LDL Cholesterol Calculator - Friedewald Equation

Calculate your LDL (low-density lipoprotein) cholesterol using the Friedewald equation. Enter your total cholesterol, HDL cholesterol, and triglycerides from a fasting lipid panel to estimate your LDL level and cardiovascular risk category.

What is LDL Cholesterol?

LDL (Low-Density Lipoprotein) cholesterol is often called "bad cholesterol" because elevated levels are strongly associated with the development of atherosclerosis — the buildup of fatty plaques in the walls of arteries. This process can lead to coronary heart disease, stroke, and peripheral arterial disease. LDL particles carry cholesterol from the liver to the tissues and arteries, and when present in excess, they can infiltrate the arterial wall, triggering an inflammatory response that forms atherosclerotic plaques.

Cholesterol is a waxy, fat-like substance that is essential for life. It is a component of cell membranes, a precursor for steroid hormones (cortisol, estrogen, testosterone), bile acids, and vitamin D. The liver produces approximately 80% of the body's cholesterol, while the remaining 20% comes from dietary sources. Because cholesterol is not water-soluble, it must be transported through the bloodstream within lipoproteins — protein-coated particles that make fat transport possible.
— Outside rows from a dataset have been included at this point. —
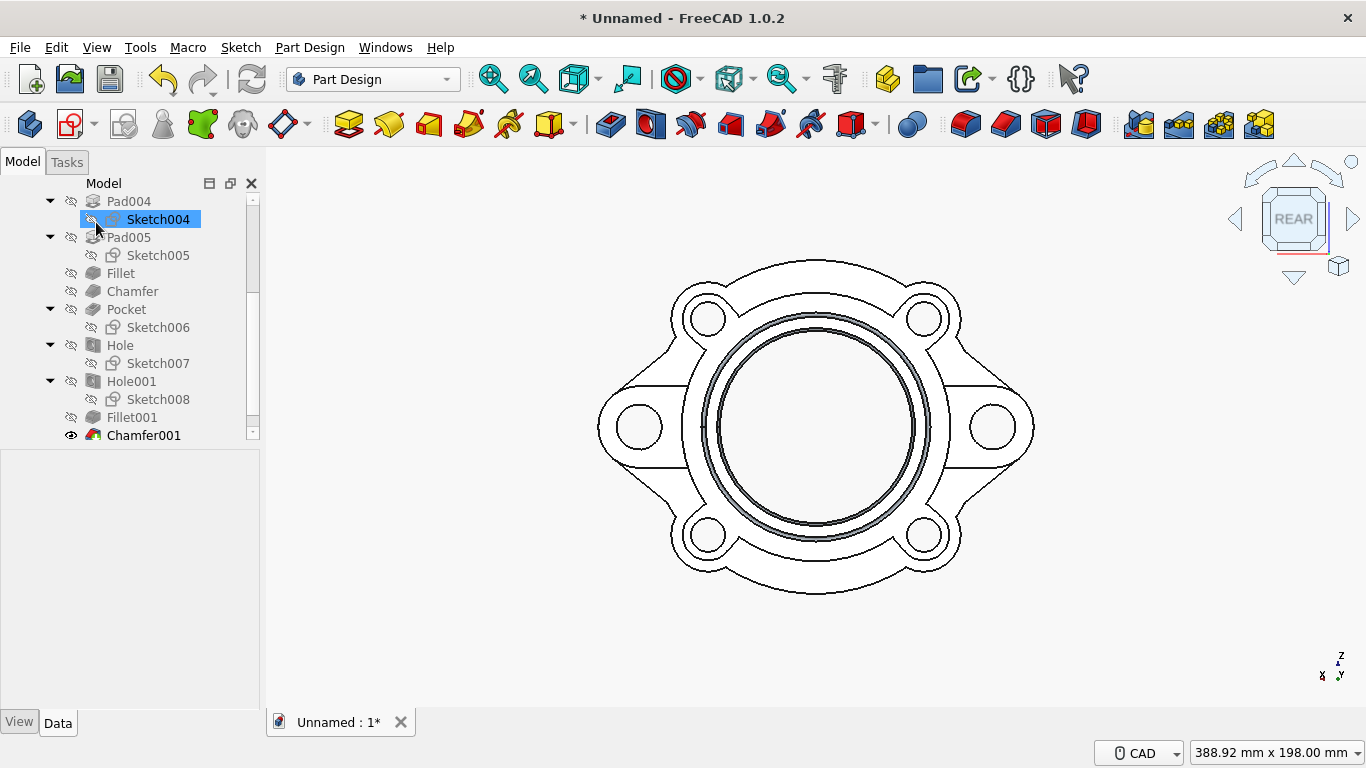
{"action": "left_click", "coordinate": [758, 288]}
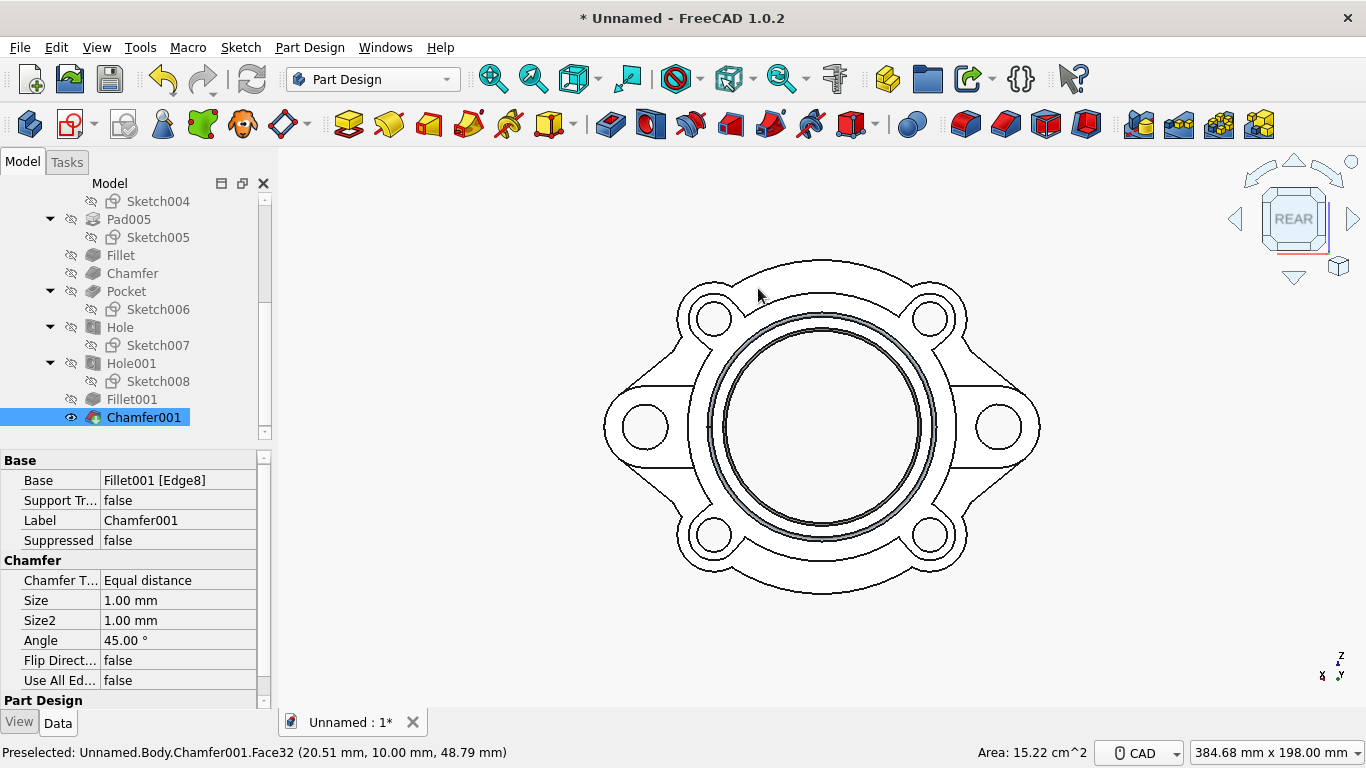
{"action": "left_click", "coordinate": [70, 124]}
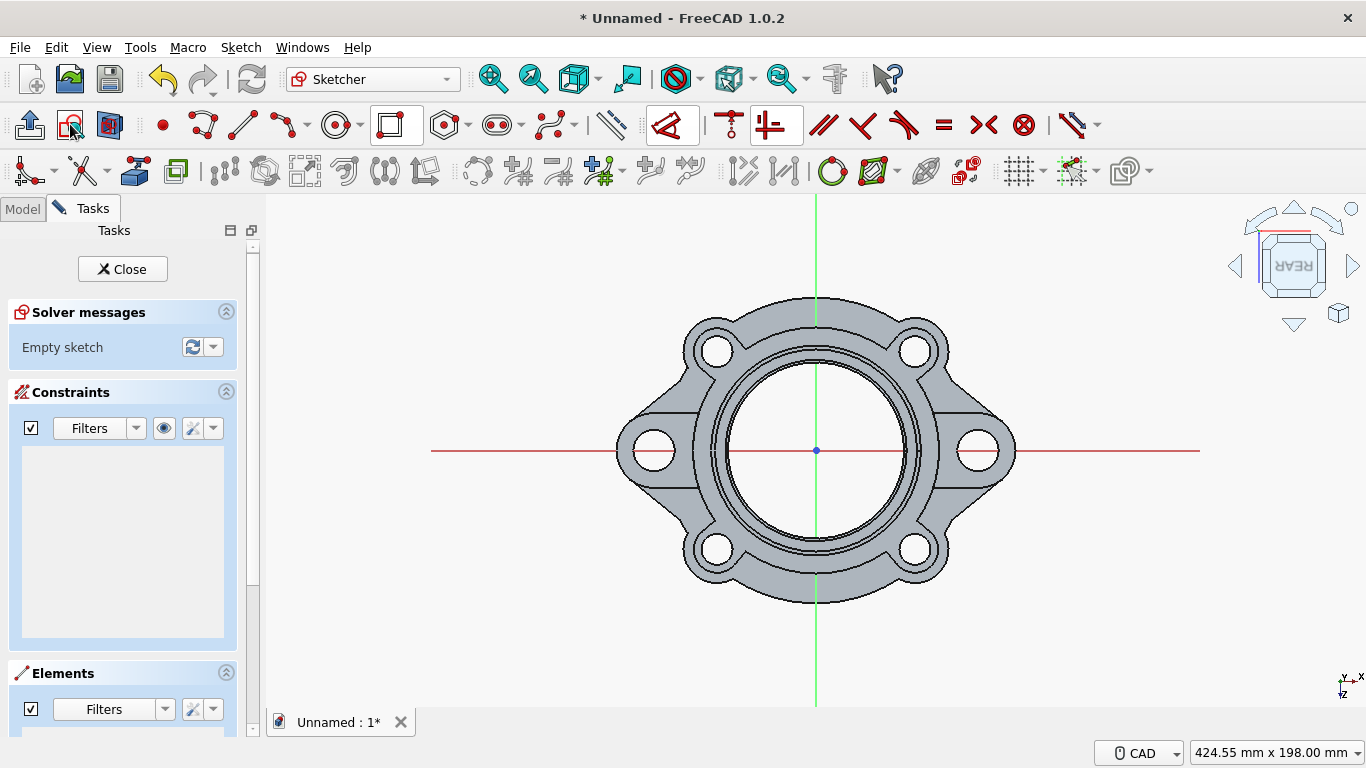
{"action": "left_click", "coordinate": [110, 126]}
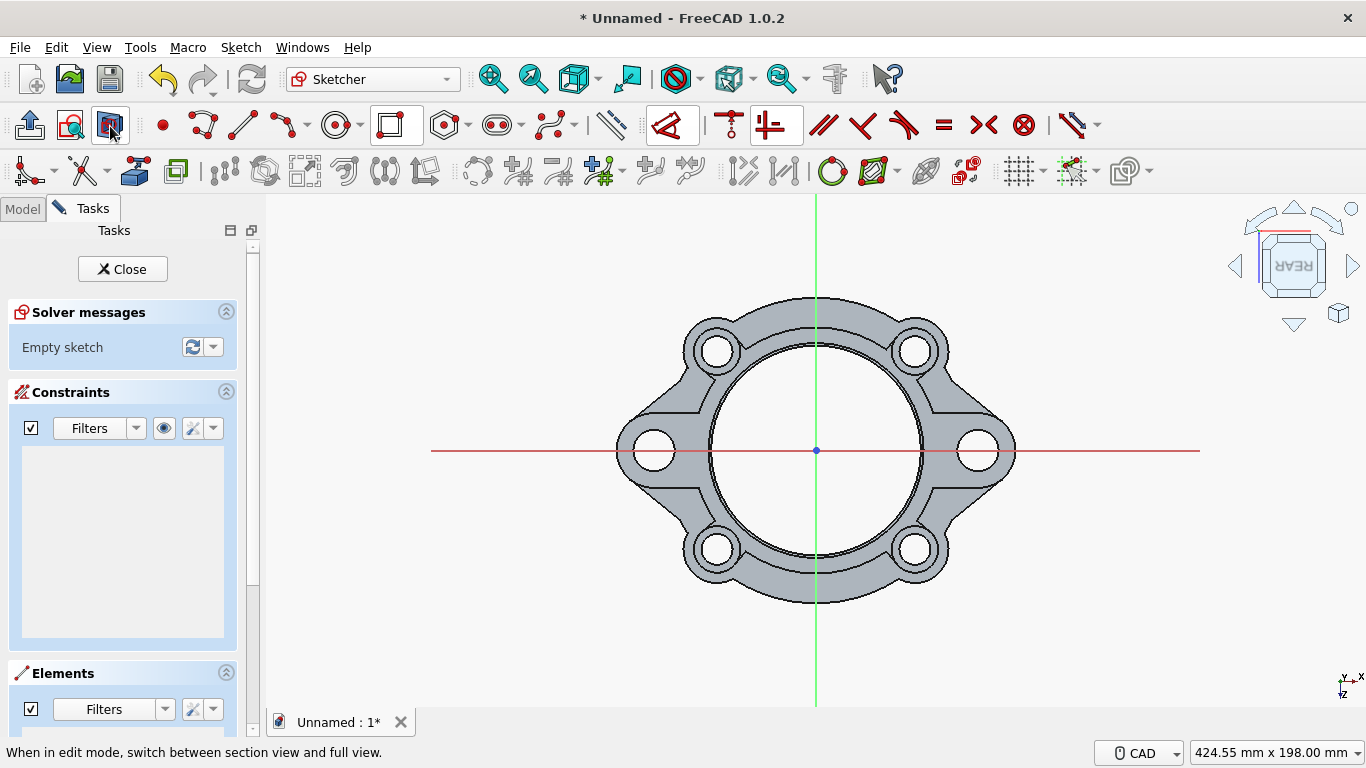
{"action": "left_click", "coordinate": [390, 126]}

LDL cholesterol has been established as a causal factor in atherosclerotic cardiovascular disease (ASCVD) through decades of epidemiological studies, genetic research (Mendelian randomization studies), and clinical trials. The relationship between LDL cholesterol and cardiovascular risk is log-linear: every 38.67 mg/dL (1 mmol/L) reduction in LDL cholesterol reduces cardiovascular events by approximately 22%. This has made LDL the primary target of lipid-lowering therapy worldwide.

The Friedewald Equation

The Friedewald equation, published by William Friedewald and colleagues in 1972 in the journal Clinical Chemistry, remains the most widely used method for estimating LDL cholesterol from a standard fasting lipid panel. Rather than measuring LDL directly (which is more expensive and technically demanding), the equation calculates LDL from three readily available measurements.

LDL = Total Cholesterol − HDL − (Triglycerides ÷ 5)

The formula is based on the principle that total cholesterol equals the sum of LDL, HDL, and VLDL cholesterol. Since VLDL cholesterol is not routinely measured, Friedewald's key insight was that VLDL cholesterol can be estimated as triglycerides divided by 5 (in mg/dL units). This approximation holds because, in fasting samples, most triglycerides are carried in VLDL particles, and the cholesterol content of VLDL is approximately one-fifth of the triglyceride concentration.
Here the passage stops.